ASSIGNMENT
Would you write out every record that follows exactly, with the pictures left out?

SOURCE DATA
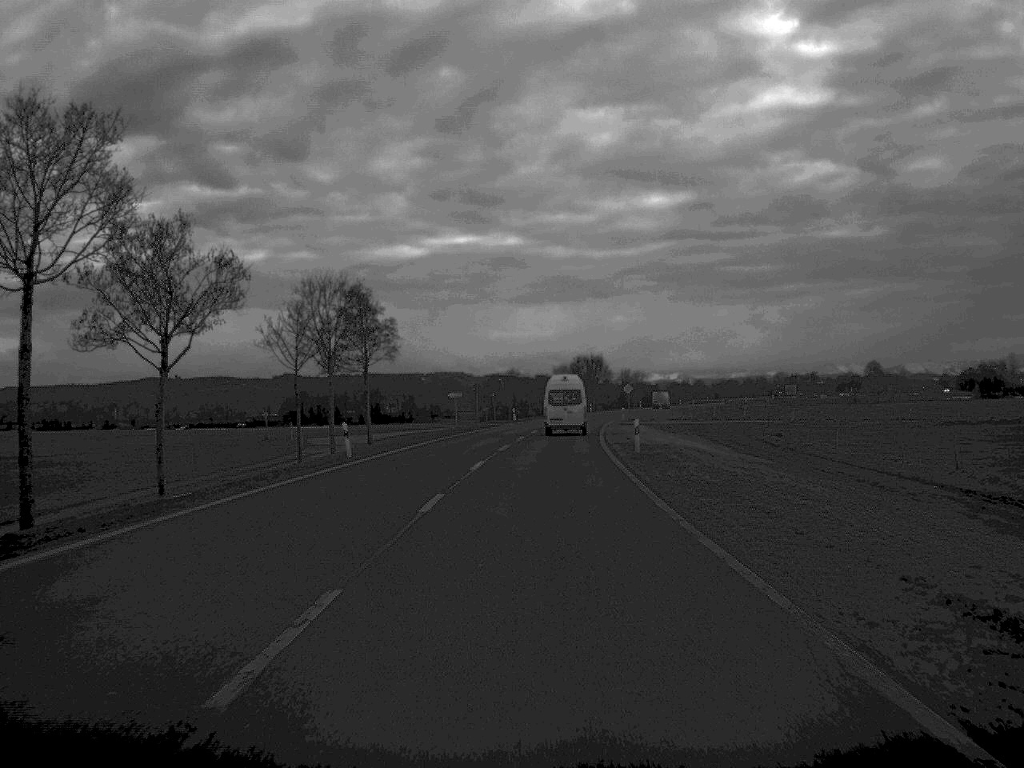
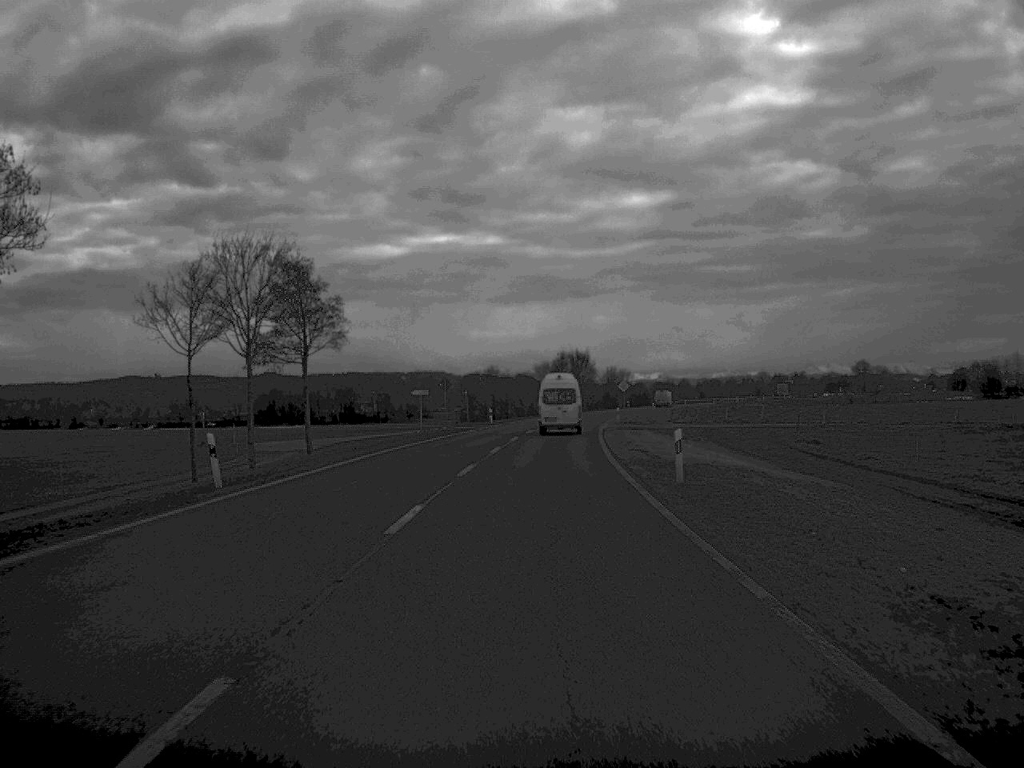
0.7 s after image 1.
(+0.1, +14.8) m; +1°
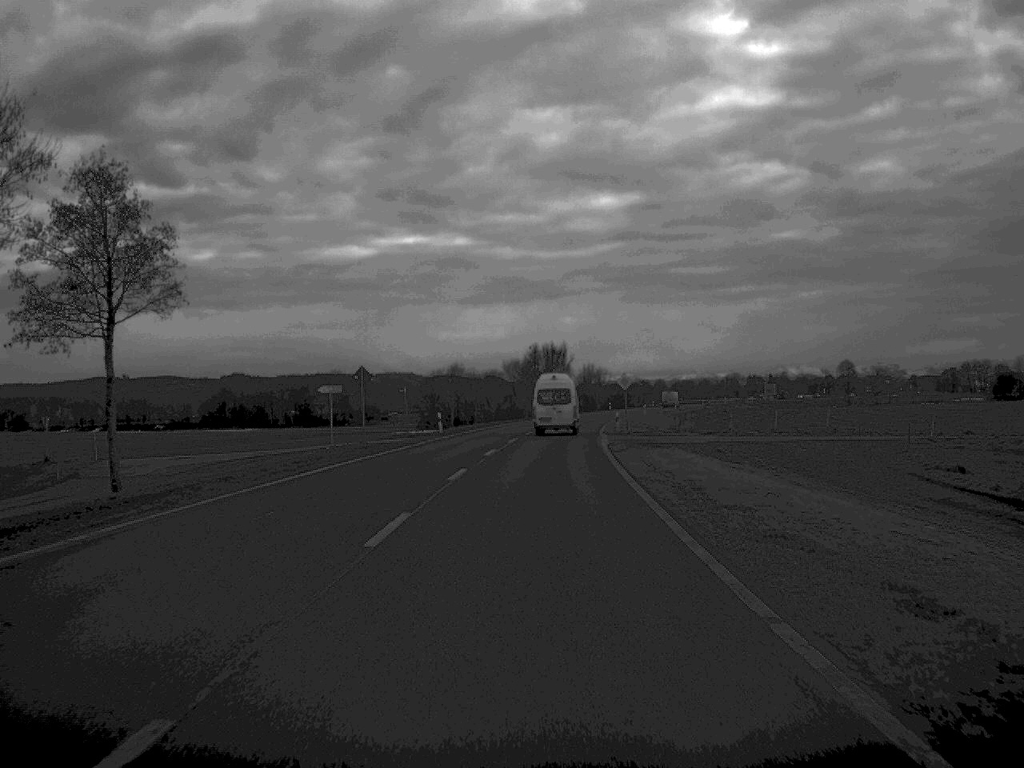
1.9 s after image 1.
(+0.3, +25.2) m; +1°
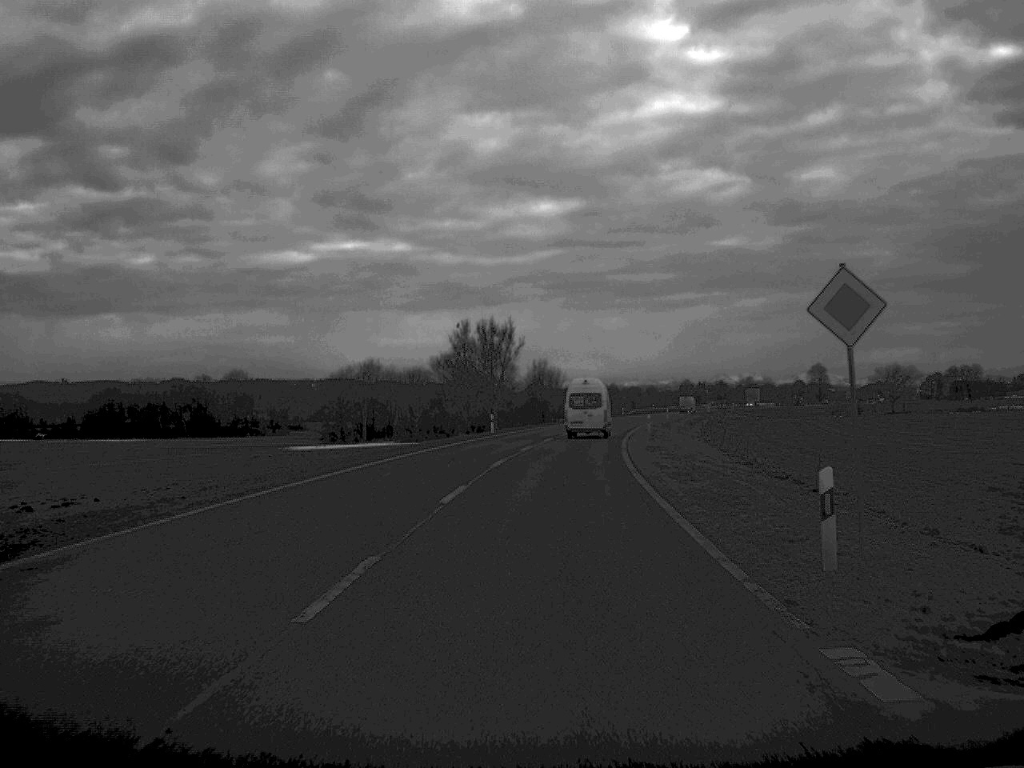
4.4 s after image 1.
(+1.1, +52.2) m; +3°
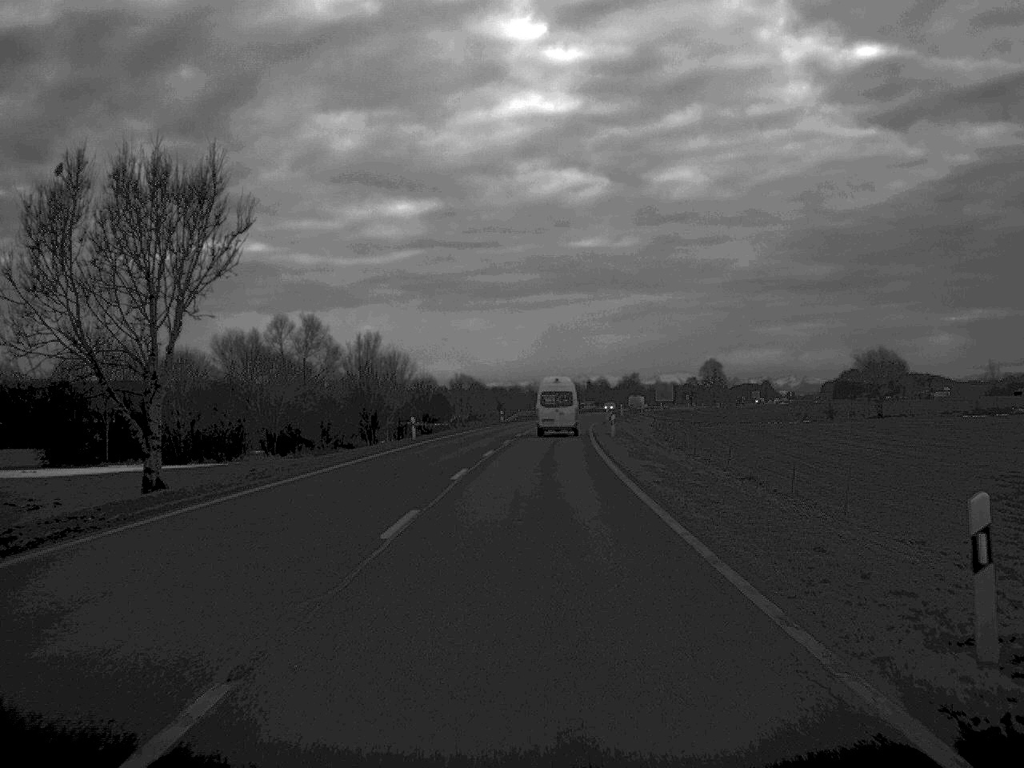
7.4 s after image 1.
(+3.3, +65.6) m; +6°
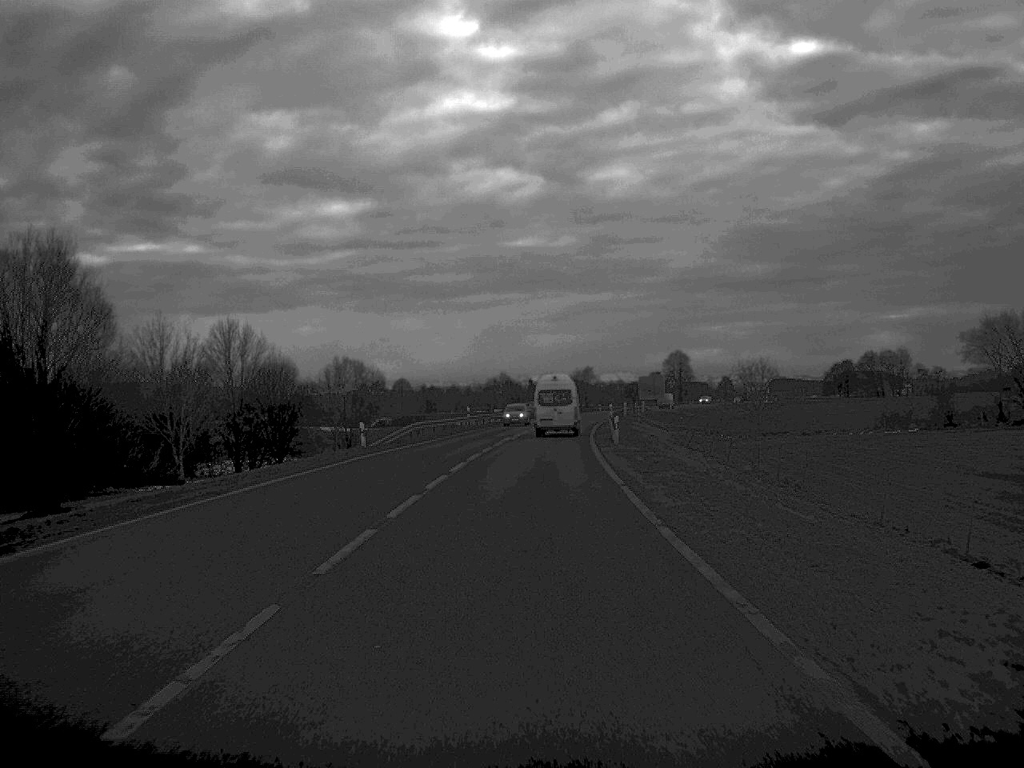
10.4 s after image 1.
(+1.4, +63.5) m; +3°
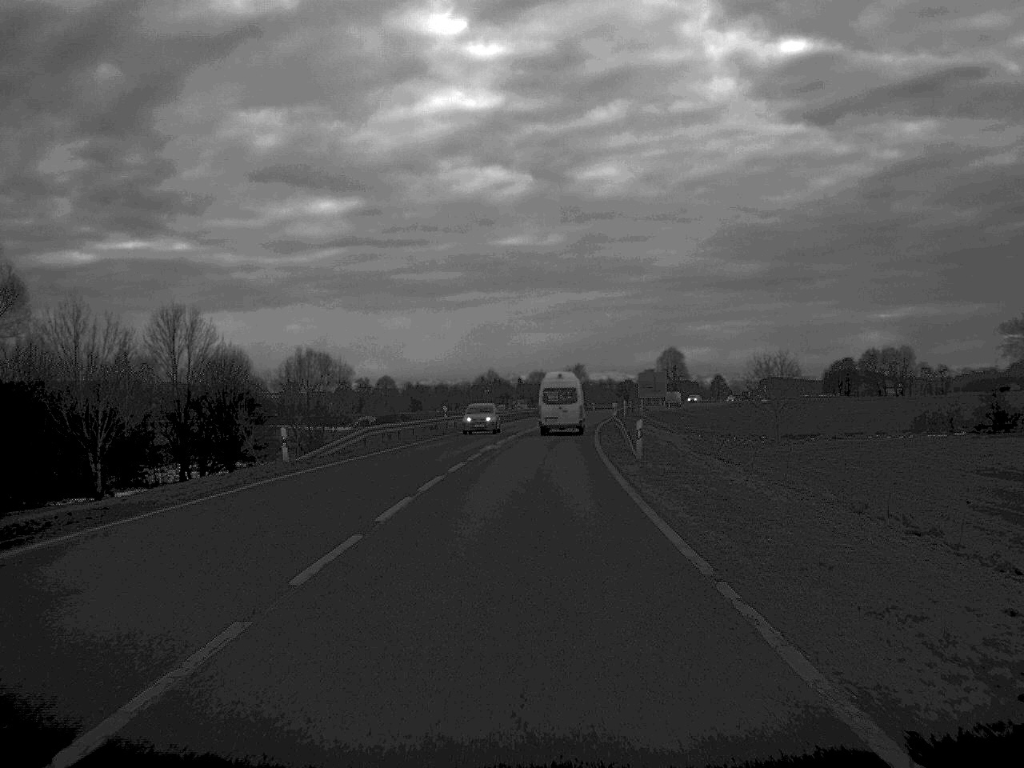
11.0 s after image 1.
(+0.1, +12.8) m; 0°

TASK SOLUTION
0.7 s after image 1.
(+0.1, +14.8) m; +1°
1.9 s after image 1.
(+0.3, +25.2) m; +1°
4.4 s after image 1.
(+1.1, +52.2) m; +3°
7.4 s after image 1.
(+3.3, +65.6) m; +6°
10.4 s after image 1.
(+1.4, +63.5) m; +3°
11.0 s after image 1.
(+0.1, +12.8) m; 0°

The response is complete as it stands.